Danger dans l’assiette

Sylviane Dragacci (Anses), Nadine Zakhia-Rozis (CIRAD) et Pierre Galtier (pharmacien) viennent de publier « Danger dans l’assiette ». Malgré les apparences, il ne s’agit pas d’un énième ouvrage sur les dangers de l’agriculture mais sur les risques liés aux moisissures présentes dans notre alimentation. Si certaines comme celles contenues dans des fromages tels que le bleu ou le roquefort sont bonnes, les moisissures sont souvent synonymes de mycotoxines. Et c’est sur ce point que « Danger dans l’assiette » offre un éclairage intéressant.

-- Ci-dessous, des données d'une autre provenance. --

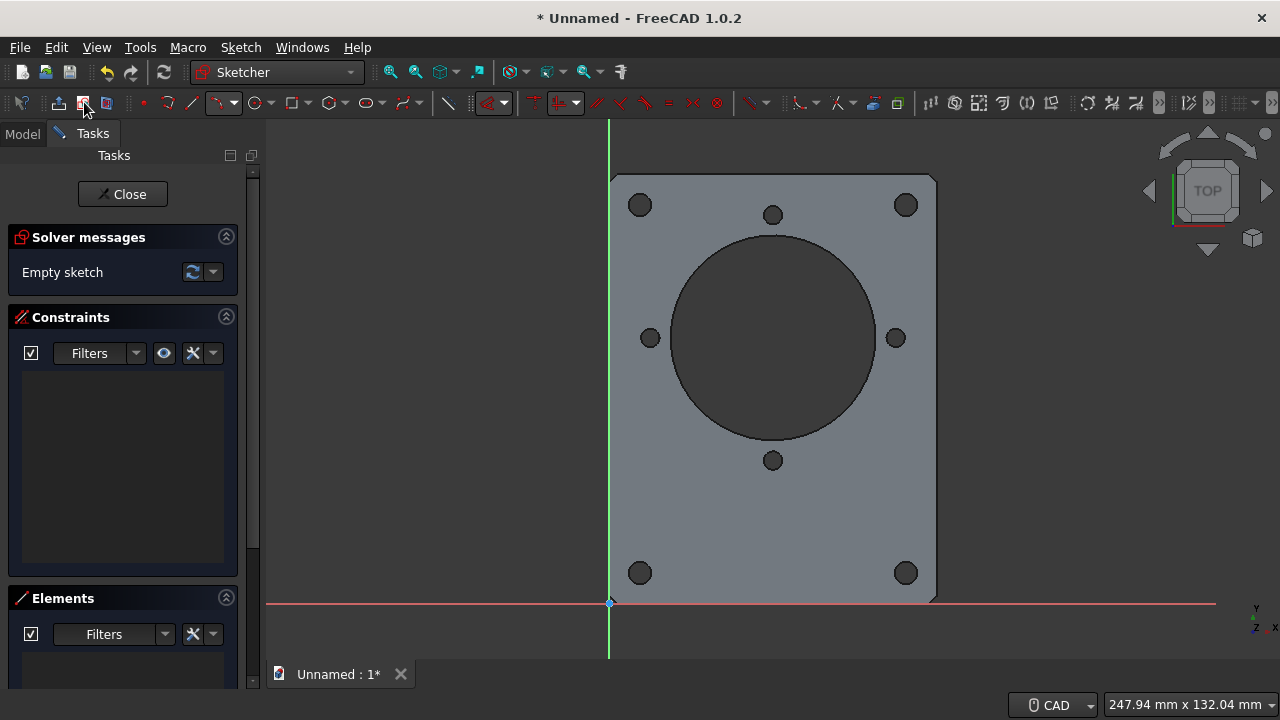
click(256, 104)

Alors quelles moisissures sont dangereuses ? Quels sont les aliments à risques et les populations les plus exposées ? Les auteurs décryptent ces dangers et rappellent que la toxicité des mycotoxines est désormais prouvée et qu’elle peut conduire le consommateur à développer des maladies comme le cancer.

Nous reproduisons ici un extrait de l’ouvrage consacré à la présence de ces mycotoxines dans les produits bio. Bon appétit.

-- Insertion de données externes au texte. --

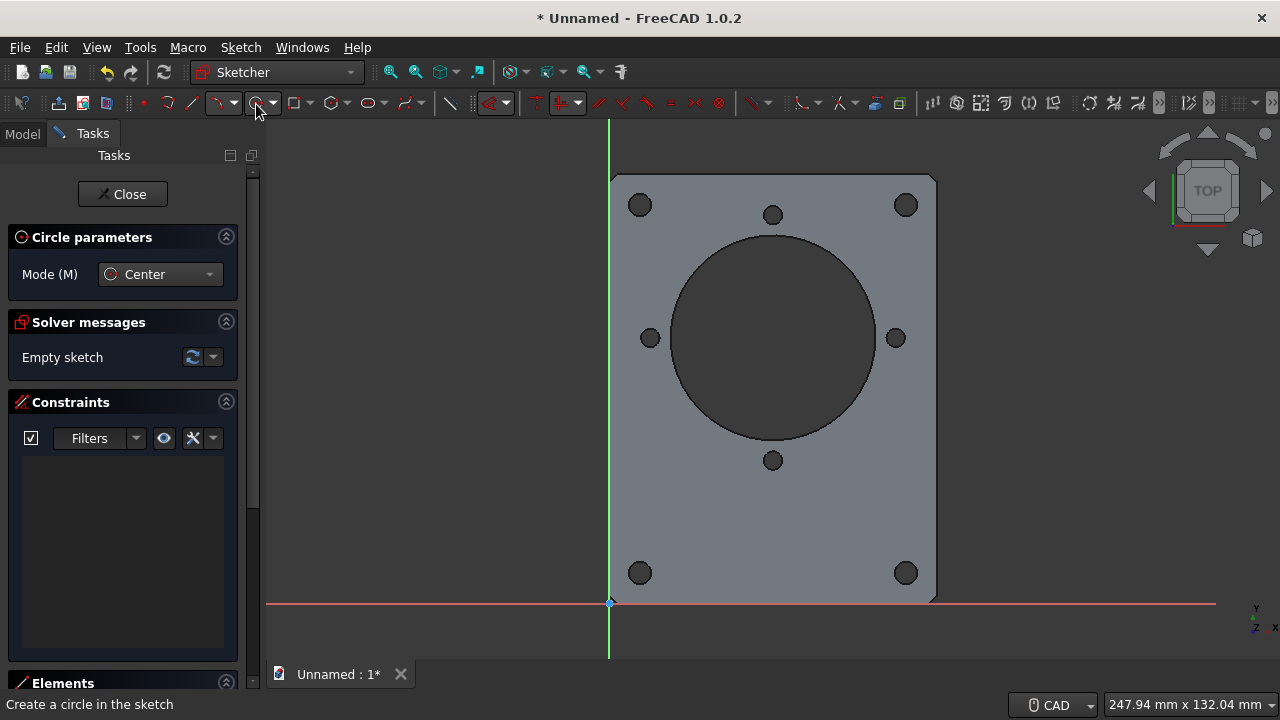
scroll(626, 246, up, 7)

Manger bio est-il indemne de tout risque ?

L’agriculture biologique bannit l’emploi des traitements chimiques utilisés pour limiter le développement des moisissures. Produit-elle de ce fait des aliments davantage contaminés par les mycotoxines ? Cette question légitime a reçu un début de réponse. En premier lieu, cette nouvelle pratique culturale ne rejette pas tout traitement puisqu’elle accepte l’emploi de phytosanitaires dits biologiques, pourvu qu’ils ne ressortent pas de la synthèse chimique. Ensuite, les plants sont sélectionnés pour leur plus grande résistance naturelle aux moisissures. Un mode de labour comme le labourage profond et une rotation des cultures pertinente sont recommandés car ils préviennent la dissémination des moisissures dans le champ, puis leur installation sur les récoltes. Des études comparatives d’occurrence de mycotoxines dans des produits alimentaires issus de l’agriculture conventionnelle ou biologique ne montrent pas de grandes différences de contamination. Les produits dits biologiques renferment parfois des teneurs en mycotoxines plus élevées mais, en général, ces teneurs restent en deçà des seuils réglementaires. Prenons pour l’illustrer cette mini-enquête réalisée en Belgique sur le contenu en patuline du jus de pomme. Dans cette étude, aucun échantillon de jus de pomme de fabrication industrielle ou artisanale n’est contaminé au-delà de la teneur maximale admissible définie par la réglementation. Parmi les jus de fabrication obtenus par agriculture biologique, trois échantillons dépassent la limite autorisée pour les enfants en bas-âge et deux d’entre eux le seuil réglementaire. On constate cependant que la moyenne des observations, bien qu’inférieure à la teneur maximale admissible, est nettement plus élevée pour les produits bio que pour les produits industriels ou artisanaux. Une vigilance est donc de mise. Quand aux jus élaborés par les particuliers, ils renferment souvent des teneurs non négligeables en patuline. L’explication peut en être une ignorance du risque mycotoxinique lors de l’utilisation de fruits partiellement avariés ou présentant des traces de meurtrissures où s’engouffrent les moisissures. Il reste néanmoins difficile d’anticiper sur le contenu en mycotoxines de denrées issues de l’agriculture conventionnelle, raisonnée ou biologique. Il faudrait en effet pouvoir comparer des lots produits la même année, provenant de la même aire géographique, de plants de même variété et ayant essuyé les mêmes intempéries !

Une vigilance particulière doit être de mise en agriculture biologique afin d’éviter d’augmenter le risque de contamination des cultures céréalières ou vivrières par des mycotoxines du fait de l’utilisation restreinte des fongicides et pesticides de synthèses.